Too many individuals don’t realize their health needs could change dramatically as they age. So while you may help avoid some expenses by making healthy choices now, it is wise to prepare. Make sure funding Medicare and supplemental insurances are part of your overall financial plan. Plus, consider adding a Health Savings Account (HSA) to your financial plan to take advantage of its triple-tax savings.
Consider long-term care insurance.
Someone turning 65 today has almost a 70% chance of needing some type of long-term care services and support in their remaining years. You may never need a nursing home or home care services, but in the event you do, long-term care (LTC) insurance protects your assets when your healthcare costs spike.

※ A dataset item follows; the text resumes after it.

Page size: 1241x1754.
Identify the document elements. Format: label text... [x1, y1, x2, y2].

Long-term care insurance is private insurance that covers nursing home care, assisted living care services, and any costs associated with home care should you require it. It works as a supplement to Medicare or Medicaid, which typically only cover medical-related activity.

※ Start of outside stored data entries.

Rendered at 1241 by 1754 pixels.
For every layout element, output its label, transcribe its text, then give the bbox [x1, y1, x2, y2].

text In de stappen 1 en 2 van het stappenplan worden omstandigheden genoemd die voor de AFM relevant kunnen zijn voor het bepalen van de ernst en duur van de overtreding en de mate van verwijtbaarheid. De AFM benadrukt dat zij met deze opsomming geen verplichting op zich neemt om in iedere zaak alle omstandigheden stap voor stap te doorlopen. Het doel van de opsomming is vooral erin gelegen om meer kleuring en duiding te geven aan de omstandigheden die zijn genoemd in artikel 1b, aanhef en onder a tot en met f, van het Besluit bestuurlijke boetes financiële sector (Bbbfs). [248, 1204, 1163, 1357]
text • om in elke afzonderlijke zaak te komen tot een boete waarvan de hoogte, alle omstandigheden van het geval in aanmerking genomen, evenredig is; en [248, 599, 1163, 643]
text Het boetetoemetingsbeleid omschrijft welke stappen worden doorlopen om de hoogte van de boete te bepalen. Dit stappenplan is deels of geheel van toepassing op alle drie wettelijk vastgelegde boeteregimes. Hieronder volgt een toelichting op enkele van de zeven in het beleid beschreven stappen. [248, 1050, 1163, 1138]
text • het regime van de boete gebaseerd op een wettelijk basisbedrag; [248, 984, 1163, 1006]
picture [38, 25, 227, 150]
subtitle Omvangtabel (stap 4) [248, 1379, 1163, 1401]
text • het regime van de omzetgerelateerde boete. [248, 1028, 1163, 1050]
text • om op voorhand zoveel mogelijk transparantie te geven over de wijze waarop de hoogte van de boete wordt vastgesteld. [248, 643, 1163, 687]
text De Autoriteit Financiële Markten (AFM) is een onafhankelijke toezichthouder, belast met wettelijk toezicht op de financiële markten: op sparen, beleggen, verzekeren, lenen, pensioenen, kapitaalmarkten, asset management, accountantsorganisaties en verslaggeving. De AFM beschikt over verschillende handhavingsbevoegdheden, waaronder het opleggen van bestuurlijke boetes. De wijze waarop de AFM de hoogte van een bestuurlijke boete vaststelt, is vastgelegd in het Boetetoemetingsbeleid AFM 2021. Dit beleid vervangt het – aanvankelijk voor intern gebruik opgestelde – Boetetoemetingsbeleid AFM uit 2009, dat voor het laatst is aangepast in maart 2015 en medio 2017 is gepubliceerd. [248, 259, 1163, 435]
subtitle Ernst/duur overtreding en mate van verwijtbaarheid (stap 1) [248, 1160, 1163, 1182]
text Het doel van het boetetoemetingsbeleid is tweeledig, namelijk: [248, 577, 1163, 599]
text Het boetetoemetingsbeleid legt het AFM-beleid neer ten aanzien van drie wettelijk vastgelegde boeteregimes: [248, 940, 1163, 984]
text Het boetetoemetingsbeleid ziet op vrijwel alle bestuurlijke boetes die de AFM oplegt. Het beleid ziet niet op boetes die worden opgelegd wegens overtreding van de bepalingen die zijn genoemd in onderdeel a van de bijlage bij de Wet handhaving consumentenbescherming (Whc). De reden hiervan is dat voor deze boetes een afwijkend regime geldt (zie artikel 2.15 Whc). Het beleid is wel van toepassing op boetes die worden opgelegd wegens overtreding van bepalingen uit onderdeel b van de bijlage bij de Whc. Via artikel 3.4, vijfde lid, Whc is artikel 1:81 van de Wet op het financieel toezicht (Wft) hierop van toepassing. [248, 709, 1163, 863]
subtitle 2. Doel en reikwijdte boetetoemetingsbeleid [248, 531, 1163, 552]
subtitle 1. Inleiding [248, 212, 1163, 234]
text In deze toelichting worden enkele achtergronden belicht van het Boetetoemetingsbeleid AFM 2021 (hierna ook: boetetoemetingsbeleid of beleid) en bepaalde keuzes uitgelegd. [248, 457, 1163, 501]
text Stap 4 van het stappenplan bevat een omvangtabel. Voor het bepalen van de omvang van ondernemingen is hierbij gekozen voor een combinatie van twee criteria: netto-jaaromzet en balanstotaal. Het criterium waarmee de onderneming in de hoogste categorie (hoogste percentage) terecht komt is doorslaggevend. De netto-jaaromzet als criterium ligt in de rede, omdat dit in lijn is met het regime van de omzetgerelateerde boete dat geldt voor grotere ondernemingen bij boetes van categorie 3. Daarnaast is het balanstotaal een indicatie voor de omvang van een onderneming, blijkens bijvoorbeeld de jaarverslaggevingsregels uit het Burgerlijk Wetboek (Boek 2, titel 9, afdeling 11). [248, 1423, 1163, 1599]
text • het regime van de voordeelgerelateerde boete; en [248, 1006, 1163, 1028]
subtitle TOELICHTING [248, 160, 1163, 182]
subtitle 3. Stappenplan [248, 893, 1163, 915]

Long-term care is costly and Medicare only covers a limited nursing home stay after hospitalization. And if you are under the impression Medicaid will be available to you in the event you require long-term care, think again. To qualify for long-term care benefits through Medicaid you must have very low income and virtually no assets.

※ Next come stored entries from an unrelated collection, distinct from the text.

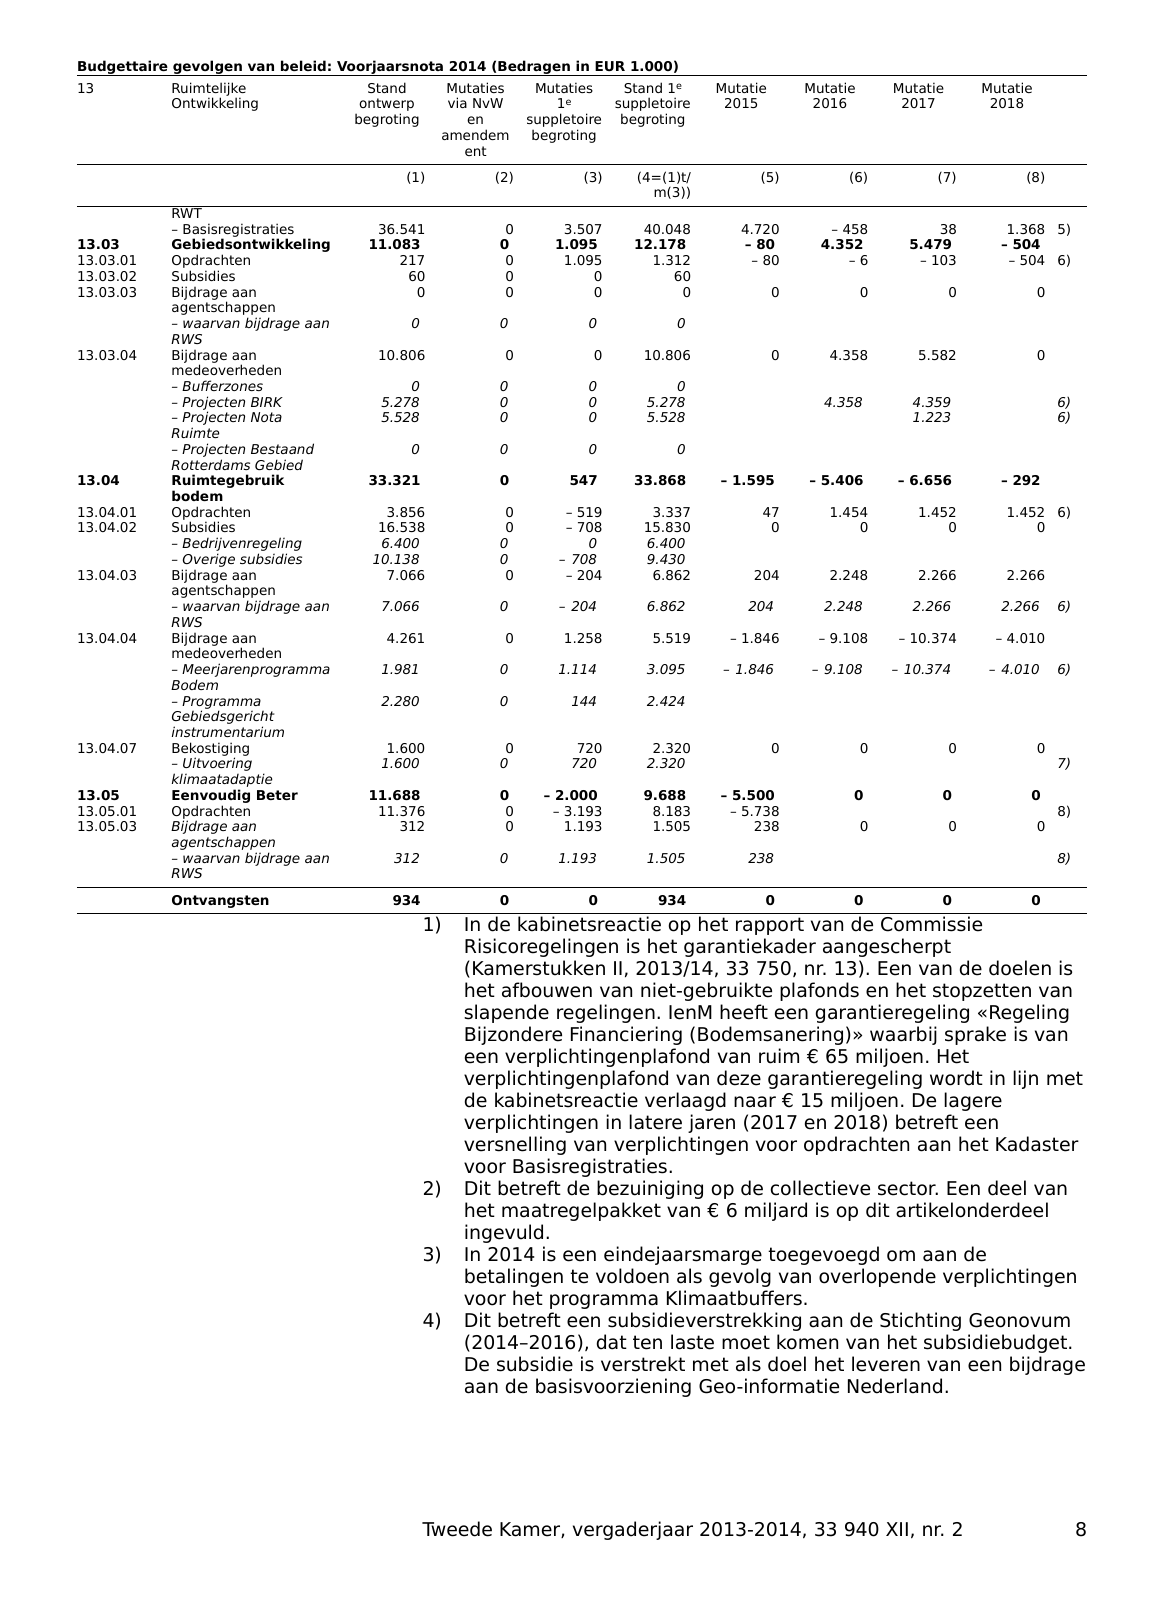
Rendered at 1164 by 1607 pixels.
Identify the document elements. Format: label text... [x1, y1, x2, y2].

table_cell 4.358 [785, 347, 874, 379]
table_cell [1051, 788, 1087, 803]
table_cell 1.095 [520, 253, 608, 269]
table_cell – 5.738 [697, 804, 785, 819]
table_cell Opdrachten [165, 505, 342, 520]
table_cell 0 [431, 552, 519, 567]
table_cell 0 [874, 819, 962, 851]
table_cell 5.278 [608, 395, 697, 410]
table_cell 2.248 [785, 568, 874, 599]
table_cell Eenvoudig Beter [165, 788, 342, 803]
table_cell – 103 [874, 253, 962, 269]
table_cell 6) [1051, 505, 1087, 520]
table_cell 0 [963, 284, 1051, 316]
table_cell 0 [343, 442, 431, 473]
table_cell [874, 693, 962, 741]
table_cell [874, 536, 962, 552]
table_cell [343, 207, 431, 221]
table_cell – 6 [785, 253, 874, 269]
table_cell 13.05.01 [77, 804, 165, 819]
table_cell (5) [697, 165, 785, 206]
table_cell [697, 316, 785, 347]
table_cell 13.04.02 [77, 520, 165, 536]
table_cell – waarvan bijdrage aan RWS [165, 599, 342, 630]
table_cell [963, 804, 1051, 819]
table_cell [1051, 819, 1087, 851]
table_cell (1) [343, 165, 431, 206]
table_cell – 292 [963, 473, 1051, 504]
table_cell 0 [697, 888, 785, 913]
table_cell 0 [785, 819, 874, 851]
table_cell [963, 442, 1051, 473]
table_cell Bijdrage aan agentschappen [165, 568, 342, 599]
table_cell 0 [431, 536, 519, 552]
table_cell [165, 165, 342, 206]
table_cell [77, 536, 165, 552]
table_header Budgettaire gevolgen van beleid: Voorjaarsnota 2014 (Bedragen in EUR 1.000) [77, 59, 1087, 75]
table_cell 7) [1051, 756, 1087, 788]
table_cell (2) [431, 165, 519, 206]
table_cell – 204 [520, 599, 608, 630]
table_cell Mutatie 2016 [785, 76, 874, 164]
table_cell 0 [874, 741, 962, 756]
table_cell [785, 442, 874, 473]
table_cell – 4.010 [963, 662, 1051, 693]
table_cell 4.720 [697, 221, 785, 237]
table_cell 1.452 [874, 505, 962, 520]
table_cell 1.258 [520, 630, 608, 662]
table_cell Mutaties via NvW en amendement [431, 76, 519, 164]
table_cell (8) [963, 165, 1051, 206]
table_cell [697, 379, 785, 394]
table_cell 9.688 [608, 788, 697, 803]
table_cell 0 [431, 693, 519, 741]
table_cell – 519 [520, 505, 608, 520]
table_cell 720 [520, 741, 608, 756]
table_cell 0 [520, 316, 608, 347]
table_cell 0 [697, 347, 785, 379]
table_cell – 80 [697, 237, 785, 253]
table_cell 0 [520, 347, 608, 379]
table_cell 11.376 [343, 804, 431, 819]
table_cell [1051, 237, 1087, 253]
table_cell [963, 552, 1051, 567]
table_cell [874, 804, 962, 819]
table_cell 3.856 [343, 505, 431, 520]
table_cell [1051, 269, 1087, 284]
table_cell 2.266 [874, 568, 962, 599]
table_cell – 6.656 [874, 473, 962, 504]
table_cell 13.03.01 [77, 253, 165, 269]
table_cell 0 [785, 284, 874, 316]
table_cell 0 [343, 284, 431, 316]
table_cell [785, 693, 874, 741]
table_cell 144 [520, 693, 608, 741]
table_cell [697, 756, 785, 788]
table_cell [697, 693, 785, 741]
table_cell [963, 851, 1051, 887]
table_cell 5.519 [608, 630, 697, 662]
table_cell 6) [1051, 662, 1087, 693]
table_cell 934 [608, 888, 697, 913]
table_cell Bijdrage aan agentschappen [165, 284, 342, 316]
table_cell – 708 [520, 520, 608, 536]
table_cell 0 [963, 788, 1051, 803]
table_cell [77, 851, 165, 887]
table_cell [785, 804, 874, 819]
table_cell 0 [431, 379, 519, 394]
table_cell [77, 552, 165, 567]
table_cell 40.048 [608, 221, 697, 237]
table_cell 36.541 [343, 221, 431, 237]
table_cell [431, 207, 519, 221]
table_cell Subsidies [165, 269, 342, 284]
table_cell 0 [520, 410, 608, 442]
table_cell Mutaties 1e suppletoire begroting [520, 76, 608, 164]
table_cell 1.600 [343, 756, 431, 788]
table_cell – 708 [520, 552, 608, 567]
table_cell 0 [431, 756, 519, 788]
table_cell – 3.193 [520, 804, 608, 819]
table_cell [963, 316, 1051, 347]
table_cell 10.138 [343, 552, 431, 567]
table_cell [1051, 552, 1087, 567]
table_cell 9.430 [608, 552, 697, 567]
table_cell [1051, 693, 1087, 741]
table_cell 6) [1051, 253, 1087, 269]
table_cell 0 [431, 662, 519, 693]
table_cell 1.368 [963, 221, 1051, 237]
table_cell – 10.374 [874, 662, 962, 693]
table_cell Ruimtegebruik bodem [165, 473, 342, 504]
table_cell 5.278 [343, 395, 431, 410]
table_cell 0 [431, 568, 519, 599]
text 4) Dit betreft een subsidieverstrekking aan de Stichting Geonovum (2014–2016), dat ten laste moet komen van het subsidiebudget. De subsidie is verstrekt met als doel het leveren van een bijdrage aan de basisvoorziening Geo-informatie Nederland. [422, 1309, 1087, 1397]
table_cell – 1.595 [697, 473, 785, 504]
table_cell 0 [431, 442, 519, 473]
table_cell [785, 756, 874, 788]
table_cell 204 [697, 568, 785, 599]
table_cell 0 [431, 410, 519, 442]
table_cell 3.337 [608, 505, 697, 520]
table_cell 1.454 [785, 505, 874, 520]
table_cell 11.083 [343, 237, 431, 253]
table_cell 238 [697, 819, 785, 851]
table_cell 4.352 [785, 237, 874, 253]
table_cell 13.03.04 [77, 347, 165, 379]
table_cell 0 [874, 284, 962, 316]
table_cell [874, 379, 962, 394]
table_cell 13.04.07 [77, 741, 165, 756]
table_cell 4.358 [785, 395, 874, 410]
table_cell 1.095 [520, 237, 608, 253]
table_cell 0 [963, 819, 1051, 851]
table_cell 0 [520, 379, 608, 394]
table_cell [874, 756, 962, 788]
table_cell [874, 269, 962, 284]
table_cell 0 [431, 804, 519, 819]
table_cell [963, 395, 1051, 410]
table_cell [785, 552, 874, 567]
table_cell 13 [77, 76, 165, 164]
table_cell [785, 207, 874, 221]
table_cell 6.862 [608, 599, 697, 630]
table_cell 8) [1051, 804, 1087, 819]
table_cell 0 [963, 347, 1051, 379]
table_cell [963, 693, 1051, 741]
table_cell Opdrachten [165, 253, 342, 269]
table_cell 1.981 [343, 662, 431, 693]
table_cell 0 [431, 851, 519, 887]
table_cell [77, 888, 165, 913]
table_cell [963, 756, 1051, 788]
table_cell 11.688 [343, 788, 431, 803]
table_cell (6) [785, 165, 874, 206]
table_cell – Overige subsidies [165, 552, 342, 567]
table_cell 0 [697, 741, 785, 756]
table_cell – 504 [963, 253, 1051, 269]
table_cell [1051, 76, 1087, 164]
table_cell 0 [431, 888, 519, 913]
table_cell 10.806 [608, 347, 697, 379]
table_cell – Uitvoering klimaatadaptie [165, 756, 342, 788]
table_cell – 5.406 [785, 473, 874, 504]
table_cell [963, 269, 1051, 284]
table_cell – Projecten BIRK [165, 395, 342, 410]
table_cell – Bufferzones [165, 379, 342, 394]
table_cell 0 [431, 269, 519, 284]
table_cell [963, 410, 1051, 442]
table_cell Stand 1e suppletoire begroting [608, 76, 697, 164]
table_cell [1051, 630, 1087, 662]
table_cell 38 [874, 221, 962, 237]
table_cell 0 [785, 888, 874, 913]
table_cell RWT [165, 207, 342, 221]
table_cell Ontvangsten [165, 888, 342, 913]
table_cell – 458 [785, 221, 874, 237]
table_cell [608, 207, 697, 221]
table_cell [1051, 568, 1087, 599]
table_cell [963, 379, 1051, 394]
table_cell [697, 442, 785, 473]
table_cell [963, 207, 1051, 221]
table_cell 2.266 [963, 568, 1051, 599]
table_cell 0 [520, 442, 608, 473]
table_cell 0 [431, 237, 519, 253]
table_cell [1051, 165, 1087, 206]
table_cell 312 [343, 819, 431, 851]
table_cell 6) [1051, 599, 1087, 630]
table_cell 934 [343, 888, 431, 913]
table_cell [1051, 347, 1087, 379]
table_cell (4=(1)t/m(3)) [608, 165, 697, 206]
table_cell – waarvan bijdrage aan RWS [165, 316, 342, 347]
table_cell [963, 536, 1051, 552]
table_cell Opdrachten [165, 804, 342, 819]
table_cell [785, 379, 874, 394]
table_cell [77, 316, 165, 347]
table_cell [1051, 741, 1087, 756]
table_cell 5.582 [874, 347, 962, 379]
table_cell [697, 552, 785, 567]
table_cell [520, 207, 608, 221]
table_cell 6.400 [608, 536, 697, 552]
table_cell 0 [431, 599, 519, 630]
table_cell Gebiedsontwikkeling [165, 237, 342, 253]
table_cell [1051, 520, 1087, 536]
table_cell 0 [963, 520, 1051, 536]
table_cell 1.193 [520, 851, 608, 887]
table_cell 16.538 [343, 520, 431, 536]
table_cell 312 [343, 851, 431, 887]
text 2) Dit betreft de bezuiniging op de collectieve sector. Een deel van het maatregelpakket van € 6 miljard is op dit artikelonderdeel ingevuld. [422, 1178, 1087, 1244]
table_cell [1051, 442, 1087, 473]
table_cell 0 [785, 788, 874, 803]
table_cell – Projecten Nota Ruimte [165, 410, 342, 442]
table_cell 2.424 [608, 693, 697, 741]
table_cell 0 [431, 630, 519, 662]
table_cell [77, 756, 165, 788]
text 3) In 2014 is een eindejaarsmarge toegevoegd om aan de betalingen te voldoen als gevolg van overlopende verplichtingen voor het programma Klimaatbuffers. [422, 1244, 1087, 1309]
table_cell 0 [520, 395, 608, 410]
table_cell 0 [431, 395, 519, 410]
table_cell 13.04 [77, 473, 165, 504]
table_cell 7.066 [343, 599, 431, 630]
table_cell Mutatie 2017 [874, 76, 962, 164]
table_cell 12.178 [608, 237, 697, 253]
table_cell – waarvan bijdrage aan RWS [165, 851, 342, 887]
table_cell 0 [608, 316, 697, 347]
table_cell 1.223 [874, 410, 962, 442]
table_cell 1.505 [608, 851, 697, 887]
table_cell 13.04.03 [77, 568, 165, 599]
table_cell 1.114 [520, 662, 608, 693]
table_cell [1051, 316, 1087, 347]
table_cell [697, 410, 785, 442]
table_cell 0 [431, 473, 519, 504]
table_cell 0 [431, 316, 519, 347]
table_cell 0 [520, 269, 608, 284]
table_cell 2.266 [963, 599, 1051, 630]
table_cell 1.193 [520, 819, 608, 851]
table_cell 10.806 [343, 347, 431, 379]
table_cell 7.066 [343, 568, 431, 599]
table_cell 0 [874, 888, 962, 913]
table_cell 0 [608, 442, 697, 473]
table_cell 0 [431, 788, 519, 803]
table_cell 6.400 [343, 536, 431, 552]
table_cell 2.320 [608, 756, 697, 788]
table_cell Bekostiging [165, 741, 342, 756]
table_cell 0 [343, 316, 431, 347]
table_cell Subsidies [165, 520, 342, 536]
table_cell 8.183 [608, 804, 697, 819]
table_cell 6) [1051, 395, 1087, 410]
table_cell 13.04.04 [77, 630, 165, 662]
table_cell Bijdrage aan medeoverheden [165, 630, 342, 662]
table_cell 0 [431, 819, 519, 851]
table_cell – 9.108 [785, 662, 874, 693]
table_cell 5.479 [874, 237, 962, 253]
table_cell Mutatie 2015 [697, 76, 785, 164]
table_cell 0 [431, 253, 519, 269]
table_cell 4.261 [343, 630, 431, 662]
table_cell Stand ontwerp begroting [343, 76, 431, 164]
table_cell 0 [431, 741, 519, 756]
table_cell [874, 316, 962, 347]
table_cell 0 [520, 536, 608, 552]
table_cell 5.528 [608, 410, 697, 442]
table_cell 0 [697, 284, 785, 316]
table_cell 0 [431, 347, 519, 379]
table_cell 4.359 [874, 395, 962, 410]
table_cell 204 [697, 599, 785, 630]
table_cell [874, 851, 962, 887]
table_cell 3.095 [608, 662, 697, 693]
table_cell 2.280 [343, 693, 431, 741]
table_cell 13.03.02 [77, 269, 165, 284]
table_cell [77, 599, 165, 630]
table_cell 0 [343, 379, 431, 394]
table_cell Bijdrage aan agentschappen [165, 819, 342, 851]
table_cell [874, 552, 962, 567]
table_cell 60 [608, 269, 697, 284]
table_cell – Basisregistraties [165, 221, 342, 237]
table_cell 0 [785, 741, 874, 756]
table_cell – Meerjarenprogramma Bodem [165, 662, 342, 693]
table_cell [697, 536, 785, 552]
table_cell – 504 [963, 237, 1051, 253]
table_cell [77, 207, 165, 221]
table_cell 1.600 [343, 741, 431, 756]
table_cell 0 [874, 788, 962, 803]
table_cell 217 [343, 253, 431, 269]
table_cell 5.528 [343, 410, 431, 442]
table_cell – 5.500 [697, 788, 785, 803]
table_cell [697, 269, 785, 284]
table_cell – 9.108 [785, 630, 874, 662]
table_cell 33.321 [343, 473, 431, 504]
table_cell 0 [963, 888, 1051, 913]
table_cell 13.03.03 [77, 284, 165, 316]
table_cell [697, 207, 785, 221]
table_cell [1051, 473, 1087, 504]
table_cell 2.320 [608, 741, 697, 756]
table_cell [785, 536, 874, 552]
table_cell 0 [608, 284, 697, 316]
table_cell [785, 269, 874, 284]
table_cell 6) [1051, 410, 1087, 442]
table_cell [874, 207, 962, 221]
table_cell 1.312 [608, 253, 697, 269]
table_cell 13.05 [77, 788, 165, 803]
table_cell – 4.010 [963, 630, 1051, 662]
table_cell [1051, 888, 1087, 913]
table_cell 0 [431, 520, 519, 536]
table_cell 8) [1051, 851, 1087, 887]
table_cell 13.05.03 [77, 819, 165, 851]
table_cell 1.505 [608, 819, 697, 851]
table_cell [785, 410, 874, 442]
table_cell 238 [697, 851, 785, 887]
table_cell 1.452 [963, 505, 1051, 520]
table_cell [1051, 284, 1087, 316]
table_cell – 2.000 [520, 788, 608, 803]
table_cell – 10.374 [874, 630, 962, 662]
table_cell 6.862 [608, 568, 697, 599]
table_cell [77, 442, 165, 473]
table_cell [77, 410, 165, 442]
table_cell 0 [697, 520, 785, 536]
table_cell 47 [697, 505, 785, 520]
table_cell [1051, 379, 1087, 394]
table_cell Bijdrage aan medeoverheden [165, 347, 342, 379]
table_cell 33.868 [608, 473, 697, 504]
table_cell [785, 316, 874, 347]
table_cell 5) [1051, 221, 1087, 237]
table_cell [785, 851, 874, 887]
table_cell 13.04.01 [77, 505, 165, 520]
table_cell 0 [431, 284, 519, 316]
table_cell – 1.846 [697, 630, 785, 662]
table_cell – Bedrijvenregeling [165, 536, 342, 552]
table_cell [1051, 207, 1087, 221]
table_cell Mutatie 2018 [963, 76, 1051, 164]
table_cell 0 [520, 284, 608, 316]
table_cell 720 [520, 756, 608, 788]
table_cell [874, 442, 962, 473]
table_cell [1051, 536, 1087, 552]
table_cell 0 [431, 505, 519, 520]
table_cell Ruimtelijke Ontwikkeling [165, 76, 342, 164]
table_cell – 1.846 [697, 662, 785, 693]
table_cell – Projecten Bestaand Rotterdams Gebied [165, 442, 342, 473]
table_cell [77, 693, 165, 741]
table_cell 0 [963, 741, 1051, 756]
table_cell – 80 [697, 253, 785, 269]
table_cell 15.830 [608, 520, 697, 536]
table_cell [77, 662, 165, 693]
table_cell 547 [520, 473, 608, 504]
table_cell (3) [520, 165, 608, 206]
table_cell 3.507 [520, 221, 608, 237]
table_cell 0 [874, 520, 962, 536]
table_cell 0 [520, 888, 608, 913]
table_cell [697, 395, 785, 410]
table_cell [77, 395, 165, 410]
text 1) In de kabinetsreactie op het rapport van de Commissie Risicoregelingen is het garantiekader aangescherpt (Kamerstukken II, 2013/14, 33 750, nr. 13). Een van de doelen is het afbouwen van niet-gebruikte plafonds en het stopzetten van slapende regelingen. IenM heeft een garantieregeling «Regeling Bijzondere Financiering (Bodemsanering)» waarbij sprake is van een verplichtingenplafond van ruim € 65 miljoen. Het verplichtingenplafond van deze garantieregeling wordt in lijn met de kabinetsreactie verlaagd naar € 15 miljoen. De lagere verplichtingen in latere jaren (2017 en 2018) betreft een versnelling van verplichtingen voor opdrachten aan het Kadaster voor Basisregistraties. [422, 914, 1087, 1178]
table_cell [77, 379, 165, 394]
table_cell 2.266 [874, 599, 962, 630]
table_cell 60 [343, 269, 431, 284]
table_cell [77, 165, 165, 206]
table_cell 0 [431, 221, 519, 237]
table_cell 0 [608, 379, 697, 394]
table_cell 0 [785, 520, 874, 536]
table_cell (7) [874, 165, 962, 206]
table_cell 13.03 [77, 237, 165, 253]
table_cell – Programma Gebiedsgericht instrumentarium [165, 693, 342, 741]
table_cell 2.248 [785, 599, 874, 630]
table_cell – 204 [520, 568, 608, 599]
table_cell [77, 221, 165, 237]

The ideal time to consider purchasing a long-term care policy is between age 45 and 60. If you wait until you are older or ill, the policy may be unavailable or too costly. Contact your insurance agent to compare plans and see if your life insurance policy offers a rider.
You can also consider self-insuring, meaning you take what you would be spending on premiums and investing those funds instead. By self-insuring, you have the flexibility to spend your money how and when you want. Plus, if you never end up needing long-term care you can use your savings for other medical costs or just for living expenses. However, by self-insuring you also take on some risk. Will you have the discipline to save and invest the premium you would otherwise be paying for long-term care insurance? Will you have the discipline to earmark that money for medical expenses? As with any investment, market risk is a concern as well. You’ll be assuming the risk that the money will grow and be there when you need it most. Your financial planner can help you assess the self-insurance option.
Consider life insurance.
If your wealth has grown substantially during your working years, your need for life insurance may decline or be eliminated during retirement. However, there are situations where you may need to maintain or even increase life insurance during retirement.
Here are some examples:
You’ve started a business and taken on debt or significant financial risk.
You’re invested in real estate and have a significant mortgage balance.
You’ve remarried to a younger spouse and would like to provide financial support.
You had children later in life who may need ongoing financial support.
Your retirement savings are not sufficient to adequately care for your heirs.
You’re very wealthy and would like insurance to pay your estate tax bill.
It is a great idea to include a comprehensive review of life insurance when you speak with your financial advisor about retirement planning.
Learn more about life insurance in There's a Global Pandemic. Should I have Life Insurance? and Who Should Be My Life Insurance Beneficiary.
Consider liability coverage for home & auto policies.
If you are liable for a home or auto accident, claims against you for medical bills or other expenses can be substantial. You don’t want your assets put at risk, which is why it is a good idea to review your liability coverage.
Personal liability is optional coverage available on your homeowners and auto insurance policy. It covers you against lawsuits for injury or property damage that you or a family member causes to other people. Liability coverage pays both the cost of defending you and for the damages a court rules you must pay up to the limit established with your policy. For example, most policies provide a basic limit of liability of $300,000, but this amount can be increased for additional premium. You should buy enough liability coverage to protect your net worth.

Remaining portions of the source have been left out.